While Dr. King is best known for his work to combat racism, his efforts expanded to combating poverty and militarism, recognizing the complex relationships between the different issues in America and the world. Can you explain how Dr. King approached these issues individually and together and how you think it applies to the world today?
HM: Dr. King saw a “new turn toward economic justice” as a key strategy for responding to the challenges of racism, poverty, and war simultaneously. Specifically, he called for a “Bill of Rights for the Disadvantaged,” including a guaranteed national income and improved access to education, employment, housing and health care. (Bernie Sanders referred to many of these ideas on MLK day this year.) King had also begun to talk about the need for reparations for the people of African descent in this country, a project recently endorsed by the United Nations.
The only piece he missed was climate change, and that by only be a year or two. (The first Earth Day was in 1970.) The Green New Deal stands out as a key strategy, one that also responds to some of the challenges with which Dr. King was more familiar.
In your article, you say that while Dr. King was often depicted as a solitary figure, in reality, he was working to develop a long-term social justice network. What was Dr. King’s true vision, and how far do you think we have come towards reaching it?
HM: Dr. King wanted the movement for social justice in this country to move beyond a “small striking force” to become an “informed and determined constituency demanding social reform,” organized “solidly and simultaneously in thousands of places.”
I think we’re beginning to see this. Young progressive Democrats are being elected to local and national office through grass-roots campaigns. There are mass movements around gun control, climate change, and police violence. But these gains will have to be consolidated and protected with a strong community base.
Dr. King asked, “where do we go from here?” Can you share your thoughts on the answer today and the role of creating civic infrastructure and ultimately citizen’s assemblies?
HM: Dr. King foresaw “revolutionary times” that would provide an opening for “new systems of justice and equality.” I think that’s what the national debate is about right now. Everything comes down to all of us, every one of us, working past our divisions and treating one another fairly, justly, and with compassion.
To get there, we need that strong community base I mentioned earlier. That requires rebuilding community in our country, and on a manageable scale. I believe we do that by creating civic infrastructure: developing small groups in neighborhoods and at workplaces that engage in democratic deliberation, independent of party politics.
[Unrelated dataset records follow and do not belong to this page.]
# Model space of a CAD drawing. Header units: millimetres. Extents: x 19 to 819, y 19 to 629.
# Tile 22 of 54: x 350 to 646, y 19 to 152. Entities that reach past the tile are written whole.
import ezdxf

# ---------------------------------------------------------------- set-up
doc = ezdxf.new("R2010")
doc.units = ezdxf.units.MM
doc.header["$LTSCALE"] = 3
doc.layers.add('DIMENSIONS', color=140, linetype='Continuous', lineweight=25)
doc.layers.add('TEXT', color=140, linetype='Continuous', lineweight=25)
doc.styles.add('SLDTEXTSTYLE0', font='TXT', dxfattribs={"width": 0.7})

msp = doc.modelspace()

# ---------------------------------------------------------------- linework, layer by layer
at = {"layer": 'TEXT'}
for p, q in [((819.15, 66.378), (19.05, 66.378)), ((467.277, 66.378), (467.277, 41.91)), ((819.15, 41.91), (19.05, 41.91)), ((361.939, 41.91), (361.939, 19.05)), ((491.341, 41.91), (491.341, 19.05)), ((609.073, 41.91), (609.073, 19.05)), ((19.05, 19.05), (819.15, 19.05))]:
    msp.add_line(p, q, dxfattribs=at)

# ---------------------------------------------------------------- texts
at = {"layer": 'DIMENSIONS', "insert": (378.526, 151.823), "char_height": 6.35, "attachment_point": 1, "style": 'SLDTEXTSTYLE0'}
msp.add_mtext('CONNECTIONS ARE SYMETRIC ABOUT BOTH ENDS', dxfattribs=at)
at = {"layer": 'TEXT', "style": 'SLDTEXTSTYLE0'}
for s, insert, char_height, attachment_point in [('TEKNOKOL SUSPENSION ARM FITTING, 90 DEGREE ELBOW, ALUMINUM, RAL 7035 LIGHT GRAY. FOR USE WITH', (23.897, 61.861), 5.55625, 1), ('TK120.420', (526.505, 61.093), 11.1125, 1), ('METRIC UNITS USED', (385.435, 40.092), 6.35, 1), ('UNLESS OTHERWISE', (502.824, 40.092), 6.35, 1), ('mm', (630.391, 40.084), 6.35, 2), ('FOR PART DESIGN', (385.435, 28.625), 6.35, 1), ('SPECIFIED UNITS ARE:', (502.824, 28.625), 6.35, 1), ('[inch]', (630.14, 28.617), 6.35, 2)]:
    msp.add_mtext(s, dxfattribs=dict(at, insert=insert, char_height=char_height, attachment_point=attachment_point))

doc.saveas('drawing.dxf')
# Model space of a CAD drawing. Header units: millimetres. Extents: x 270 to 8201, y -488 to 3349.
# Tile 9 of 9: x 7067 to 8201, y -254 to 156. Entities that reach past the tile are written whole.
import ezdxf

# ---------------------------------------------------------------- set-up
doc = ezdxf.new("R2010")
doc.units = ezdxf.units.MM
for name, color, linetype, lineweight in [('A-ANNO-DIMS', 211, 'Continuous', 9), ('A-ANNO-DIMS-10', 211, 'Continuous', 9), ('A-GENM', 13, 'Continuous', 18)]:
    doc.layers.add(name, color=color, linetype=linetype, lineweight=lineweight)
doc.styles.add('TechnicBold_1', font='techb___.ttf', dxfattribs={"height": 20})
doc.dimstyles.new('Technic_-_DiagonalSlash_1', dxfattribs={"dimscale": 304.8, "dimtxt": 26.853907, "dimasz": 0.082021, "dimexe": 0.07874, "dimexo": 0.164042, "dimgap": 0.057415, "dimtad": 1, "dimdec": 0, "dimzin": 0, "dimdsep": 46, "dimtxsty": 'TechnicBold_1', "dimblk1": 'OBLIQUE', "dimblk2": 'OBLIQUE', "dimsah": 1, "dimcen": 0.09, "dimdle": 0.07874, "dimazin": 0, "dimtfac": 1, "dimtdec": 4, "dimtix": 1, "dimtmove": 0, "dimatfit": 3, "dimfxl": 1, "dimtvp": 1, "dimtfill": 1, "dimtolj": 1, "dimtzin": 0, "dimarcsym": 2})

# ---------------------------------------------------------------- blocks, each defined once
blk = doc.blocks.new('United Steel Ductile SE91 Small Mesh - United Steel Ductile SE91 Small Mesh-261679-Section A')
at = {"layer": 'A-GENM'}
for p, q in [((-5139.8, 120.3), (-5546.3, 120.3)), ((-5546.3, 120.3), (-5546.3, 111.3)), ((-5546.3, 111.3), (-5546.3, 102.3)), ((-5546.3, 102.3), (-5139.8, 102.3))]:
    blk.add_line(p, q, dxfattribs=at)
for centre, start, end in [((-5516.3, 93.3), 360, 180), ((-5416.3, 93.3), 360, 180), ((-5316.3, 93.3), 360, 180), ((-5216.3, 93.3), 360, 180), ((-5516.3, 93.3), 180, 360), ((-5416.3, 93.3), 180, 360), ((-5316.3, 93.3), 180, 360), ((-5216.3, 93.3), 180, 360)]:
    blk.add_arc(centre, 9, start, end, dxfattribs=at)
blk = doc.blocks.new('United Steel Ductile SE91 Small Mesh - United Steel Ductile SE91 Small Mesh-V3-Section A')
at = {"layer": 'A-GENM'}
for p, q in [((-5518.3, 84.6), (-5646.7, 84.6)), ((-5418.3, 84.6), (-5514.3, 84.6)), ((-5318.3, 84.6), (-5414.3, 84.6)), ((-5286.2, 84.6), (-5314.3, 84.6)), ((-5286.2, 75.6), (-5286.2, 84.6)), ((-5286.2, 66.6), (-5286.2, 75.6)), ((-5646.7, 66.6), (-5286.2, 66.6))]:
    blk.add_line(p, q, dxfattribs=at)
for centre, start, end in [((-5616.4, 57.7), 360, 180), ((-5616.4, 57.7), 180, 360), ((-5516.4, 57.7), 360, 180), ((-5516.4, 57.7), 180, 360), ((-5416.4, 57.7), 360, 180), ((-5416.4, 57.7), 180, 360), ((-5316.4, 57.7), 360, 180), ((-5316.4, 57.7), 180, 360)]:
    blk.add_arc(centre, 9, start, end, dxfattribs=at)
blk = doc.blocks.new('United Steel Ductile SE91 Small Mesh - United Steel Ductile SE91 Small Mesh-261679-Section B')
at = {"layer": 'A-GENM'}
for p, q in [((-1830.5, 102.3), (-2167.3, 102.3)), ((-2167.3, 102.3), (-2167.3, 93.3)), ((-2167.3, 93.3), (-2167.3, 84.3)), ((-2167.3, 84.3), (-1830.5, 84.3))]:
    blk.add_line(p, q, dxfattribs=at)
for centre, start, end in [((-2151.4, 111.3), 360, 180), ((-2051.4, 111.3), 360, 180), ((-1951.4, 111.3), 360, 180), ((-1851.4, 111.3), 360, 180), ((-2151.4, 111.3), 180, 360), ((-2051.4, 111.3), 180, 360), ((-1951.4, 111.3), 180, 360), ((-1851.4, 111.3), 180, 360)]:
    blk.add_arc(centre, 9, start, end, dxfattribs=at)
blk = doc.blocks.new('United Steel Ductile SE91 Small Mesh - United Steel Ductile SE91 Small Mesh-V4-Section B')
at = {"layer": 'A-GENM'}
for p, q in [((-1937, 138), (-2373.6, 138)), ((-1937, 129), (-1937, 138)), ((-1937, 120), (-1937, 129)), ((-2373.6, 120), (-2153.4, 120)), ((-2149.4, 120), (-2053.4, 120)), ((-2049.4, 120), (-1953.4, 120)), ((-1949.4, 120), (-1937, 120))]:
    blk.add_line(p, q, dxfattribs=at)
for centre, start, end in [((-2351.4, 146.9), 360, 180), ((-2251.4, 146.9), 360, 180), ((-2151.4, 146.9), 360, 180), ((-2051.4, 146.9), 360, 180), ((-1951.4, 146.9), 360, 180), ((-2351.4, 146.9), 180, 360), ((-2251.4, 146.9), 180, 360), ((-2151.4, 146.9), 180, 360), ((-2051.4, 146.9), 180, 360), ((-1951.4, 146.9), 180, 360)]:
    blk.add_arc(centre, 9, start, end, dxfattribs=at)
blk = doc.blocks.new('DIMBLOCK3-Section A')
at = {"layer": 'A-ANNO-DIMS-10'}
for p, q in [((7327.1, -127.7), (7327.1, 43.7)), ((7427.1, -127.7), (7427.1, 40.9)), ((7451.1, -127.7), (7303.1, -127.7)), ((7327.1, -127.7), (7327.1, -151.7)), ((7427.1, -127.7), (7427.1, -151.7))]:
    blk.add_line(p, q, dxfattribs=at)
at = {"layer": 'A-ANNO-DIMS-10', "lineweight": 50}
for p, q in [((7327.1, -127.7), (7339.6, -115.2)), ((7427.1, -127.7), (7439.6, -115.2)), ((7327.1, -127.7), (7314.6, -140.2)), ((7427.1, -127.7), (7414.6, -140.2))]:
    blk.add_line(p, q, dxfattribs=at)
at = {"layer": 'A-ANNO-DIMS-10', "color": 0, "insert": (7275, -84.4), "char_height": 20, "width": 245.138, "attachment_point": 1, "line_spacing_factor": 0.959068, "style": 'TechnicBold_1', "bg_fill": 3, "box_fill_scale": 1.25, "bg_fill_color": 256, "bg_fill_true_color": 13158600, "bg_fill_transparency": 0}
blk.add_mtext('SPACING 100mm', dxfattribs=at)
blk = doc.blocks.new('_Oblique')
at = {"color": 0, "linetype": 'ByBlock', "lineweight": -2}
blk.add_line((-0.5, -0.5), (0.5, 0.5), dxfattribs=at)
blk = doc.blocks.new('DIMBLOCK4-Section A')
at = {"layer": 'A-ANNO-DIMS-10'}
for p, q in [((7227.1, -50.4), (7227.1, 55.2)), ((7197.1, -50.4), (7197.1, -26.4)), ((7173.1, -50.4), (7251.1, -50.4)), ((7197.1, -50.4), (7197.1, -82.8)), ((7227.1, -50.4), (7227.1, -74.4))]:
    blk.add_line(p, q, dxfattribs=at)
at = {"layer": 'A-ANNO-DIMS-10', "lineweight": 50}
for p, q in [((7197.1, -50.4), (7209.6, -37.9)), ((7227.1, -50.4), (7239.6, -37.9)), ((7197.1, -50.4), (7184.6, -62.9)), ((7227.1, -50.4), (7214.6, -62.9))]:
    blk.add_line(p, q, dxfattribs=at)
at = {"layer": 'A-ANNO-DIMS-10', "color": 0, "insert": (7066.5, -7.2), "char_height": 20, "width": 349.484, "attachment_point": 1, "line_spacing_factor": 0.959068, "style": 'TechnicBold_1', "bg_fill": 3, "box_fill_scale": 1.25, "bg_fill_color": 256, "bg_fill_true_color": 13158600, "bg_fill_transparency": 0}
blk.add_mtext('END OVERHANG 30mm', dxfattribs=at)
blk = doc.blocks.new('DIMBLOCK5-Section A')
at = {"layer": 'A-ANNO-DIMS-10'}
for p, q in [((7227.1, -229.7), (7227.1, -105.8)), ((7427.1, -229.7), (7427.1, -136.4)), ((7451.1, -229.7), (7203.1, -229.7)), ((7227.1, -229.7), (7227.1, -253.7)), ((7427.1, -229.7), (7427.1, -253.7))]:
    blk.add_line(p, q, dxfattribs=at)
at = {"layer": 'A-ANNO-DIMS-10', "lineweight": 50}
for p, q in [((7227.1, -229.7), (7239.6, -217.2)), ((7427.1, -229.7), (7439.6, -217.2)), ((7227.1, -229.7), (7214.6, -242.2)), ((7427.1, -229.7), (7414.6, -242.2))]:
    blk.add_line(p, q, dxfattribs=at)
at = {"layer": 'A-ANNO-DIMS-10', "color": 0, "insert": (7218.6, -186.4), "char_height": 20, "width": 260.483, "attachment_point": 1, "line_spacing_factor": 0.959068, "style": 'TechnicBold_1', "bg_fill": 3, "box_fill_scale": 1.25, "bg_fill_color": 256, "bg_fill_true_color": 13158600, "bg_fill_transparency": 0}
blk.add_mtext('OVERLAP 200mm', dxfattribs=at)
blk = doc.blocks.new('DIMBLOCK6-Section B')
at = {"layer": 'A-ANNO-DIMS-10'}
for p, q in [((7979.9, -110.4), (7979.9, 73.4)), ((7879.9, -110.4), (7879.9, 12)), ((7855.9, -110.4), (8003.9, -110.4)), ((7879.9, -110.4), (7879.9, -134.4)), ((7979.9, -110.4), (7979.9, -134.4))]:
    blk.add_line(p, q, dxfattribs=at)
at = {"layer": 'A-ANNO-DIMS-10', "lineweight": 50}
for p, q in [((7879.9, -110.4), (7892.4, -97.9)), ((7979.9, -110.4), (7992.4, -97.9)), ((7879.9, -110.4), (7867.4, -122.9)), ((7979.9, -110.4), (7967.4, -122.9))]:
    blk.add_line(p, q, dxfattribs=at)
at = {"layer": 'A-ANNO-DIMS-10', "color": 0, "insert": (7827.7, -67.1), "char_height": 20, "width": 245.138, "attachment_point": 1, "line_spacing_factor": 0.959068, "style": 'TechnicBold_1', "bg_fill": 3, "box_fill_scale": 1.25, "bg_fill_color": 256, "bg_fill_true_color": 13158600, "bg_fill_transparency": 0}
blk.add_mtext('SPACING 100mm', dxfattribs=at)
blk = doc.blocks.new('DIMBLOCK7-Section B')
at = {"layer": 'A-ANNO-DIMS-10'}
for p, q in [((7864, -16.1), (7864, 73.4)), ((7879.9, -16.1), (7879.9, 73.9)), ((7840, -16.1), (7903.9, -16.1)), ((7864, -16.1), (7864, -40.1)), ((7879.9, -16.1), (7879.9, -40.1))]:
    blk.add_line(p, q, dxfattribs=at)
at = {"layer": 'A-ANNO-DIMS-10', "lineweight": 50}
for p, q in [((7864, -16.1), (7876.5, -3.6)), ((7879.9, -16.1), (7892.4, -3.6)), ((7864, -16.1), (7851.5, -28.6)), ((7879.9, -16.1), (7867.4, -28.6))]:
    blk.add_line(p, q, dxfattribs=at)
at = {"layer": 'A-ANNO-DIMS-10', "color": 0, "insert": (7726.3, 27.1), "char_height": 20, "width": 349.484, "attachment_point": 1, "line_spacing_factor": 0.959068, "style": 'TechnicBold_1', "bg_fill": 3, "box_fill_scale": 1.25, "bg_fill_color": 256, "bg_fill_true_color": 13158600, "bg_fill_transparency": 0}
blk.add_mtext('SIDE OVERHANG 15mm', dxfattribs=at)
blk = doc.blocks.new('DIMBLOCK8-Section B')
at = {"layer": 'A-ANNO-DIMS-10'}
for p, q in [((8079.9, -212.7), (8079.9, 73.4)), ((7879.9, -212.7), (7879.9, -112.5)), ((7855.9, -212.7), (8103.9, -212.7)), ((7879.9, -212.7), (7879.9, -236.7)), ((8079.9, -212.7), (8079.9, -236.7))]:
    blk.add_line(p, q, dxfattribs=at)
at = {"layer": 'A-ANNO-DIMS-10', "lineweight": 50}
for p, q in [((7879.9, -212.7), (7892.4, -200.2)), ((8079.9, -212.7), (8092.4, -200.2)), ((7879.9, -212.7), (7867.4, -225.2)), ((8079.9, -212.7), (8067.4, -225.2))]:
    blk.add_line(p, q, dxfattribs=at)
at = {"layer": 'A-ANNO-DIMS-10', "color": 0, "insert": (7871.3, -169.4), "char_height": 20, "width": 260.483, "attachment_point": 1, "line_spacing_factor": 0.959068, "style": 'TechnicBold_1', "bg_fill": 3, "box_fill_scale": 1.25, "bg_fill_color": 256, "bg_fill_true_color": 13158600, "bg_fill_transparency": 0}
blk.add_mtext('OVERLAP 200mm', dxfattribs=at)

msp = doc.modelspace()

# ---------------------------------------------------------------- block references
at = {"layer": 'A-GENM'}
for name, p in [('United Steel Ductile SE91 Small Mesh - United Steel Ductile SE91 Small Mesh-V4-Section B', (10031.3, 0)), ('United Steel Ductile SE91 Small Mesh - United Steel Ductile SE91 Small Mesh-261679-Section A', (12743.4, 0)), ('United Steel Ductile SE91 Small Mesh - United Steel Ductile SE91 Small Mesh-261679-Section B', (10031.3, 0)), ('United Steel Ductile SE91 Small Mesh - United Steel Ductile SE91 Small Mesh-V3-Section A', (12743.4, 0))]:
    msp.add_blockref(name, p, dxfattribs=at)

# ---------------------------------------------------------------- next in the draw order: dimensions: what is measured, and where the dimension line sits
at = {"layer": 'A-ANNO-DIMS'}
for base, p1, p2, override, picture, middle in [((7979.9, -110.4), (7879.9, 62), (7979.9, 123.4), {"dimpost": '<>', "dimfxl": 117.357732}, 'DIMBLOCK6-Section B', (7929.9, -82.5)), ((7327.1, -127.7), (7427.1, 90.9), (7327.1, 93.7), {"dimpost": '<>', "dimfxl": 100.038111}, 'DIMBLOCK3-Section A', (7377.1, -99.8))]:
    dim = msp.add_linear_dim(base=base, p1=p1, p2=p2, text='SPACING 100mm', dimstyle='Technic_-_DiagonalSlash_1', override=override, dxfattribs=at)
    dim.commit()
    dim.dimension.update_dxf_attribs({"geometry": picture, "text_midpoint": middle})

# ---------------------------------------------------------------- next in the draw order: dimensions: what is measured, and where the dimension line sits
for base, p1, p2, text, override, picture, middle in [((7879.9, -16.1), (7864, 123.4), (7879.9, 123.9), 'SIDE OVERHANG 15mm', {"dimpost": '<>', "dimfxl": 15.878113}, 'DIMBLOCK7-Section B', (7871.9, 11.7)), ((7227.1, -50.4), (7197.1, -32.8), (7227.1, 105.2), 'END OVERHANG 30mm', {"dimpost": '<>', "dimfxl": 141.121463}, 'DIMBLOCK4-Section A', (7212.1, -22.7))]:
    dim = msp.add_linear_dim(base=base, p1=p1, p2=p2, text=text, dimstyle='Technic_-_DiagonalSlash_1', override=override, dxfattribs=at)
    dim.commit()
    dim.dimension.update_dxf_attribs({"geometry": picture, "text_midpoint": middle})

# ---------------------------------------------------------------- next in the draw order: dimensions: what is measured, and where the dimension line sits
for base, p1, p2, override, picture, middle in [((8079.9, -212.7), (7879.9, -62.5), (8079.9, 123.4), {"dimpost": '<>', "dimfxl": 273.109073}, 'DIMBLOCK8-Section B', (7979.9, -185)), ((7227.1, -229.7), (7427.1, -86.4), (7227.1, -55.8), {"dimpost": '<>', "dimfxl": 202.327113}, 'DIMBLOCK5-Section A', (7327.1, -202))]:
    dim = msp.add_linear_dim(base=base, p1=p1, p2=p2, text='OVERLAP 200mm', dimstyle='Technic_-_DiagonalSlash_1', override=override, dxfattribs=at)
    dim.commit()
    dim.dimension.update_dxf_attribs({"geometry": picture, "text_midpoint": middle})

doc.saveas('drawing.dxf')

From there, we create citizen’s assemblies by linking those small groups together into a lattice-work of significant scale, able to hold politicians and big business accountable.
We could further strengthen our civic infrastructure with “Social Justice Academies” in neighborhood schools and at workplaces. These could provide opportunities for training in the skills of social justice, echoing Dr. King’s admonition that the broad base of the population deserved the opportunity to learn how to do democracy through “discussion, practice, and reading.” They could also be places for job training and launching pads for collaborative activity such as shared child care, community mediation, and food and energy coops. (Some of my article documents the work Howard students are doing in this area, in true “rebellious“ fashion.)
This is how we become “more than an electorate,” as Dr King put it. This is how we become a “conscious, alert, and informed people who know their direction and whose collective wisdom and vitality commands respect.”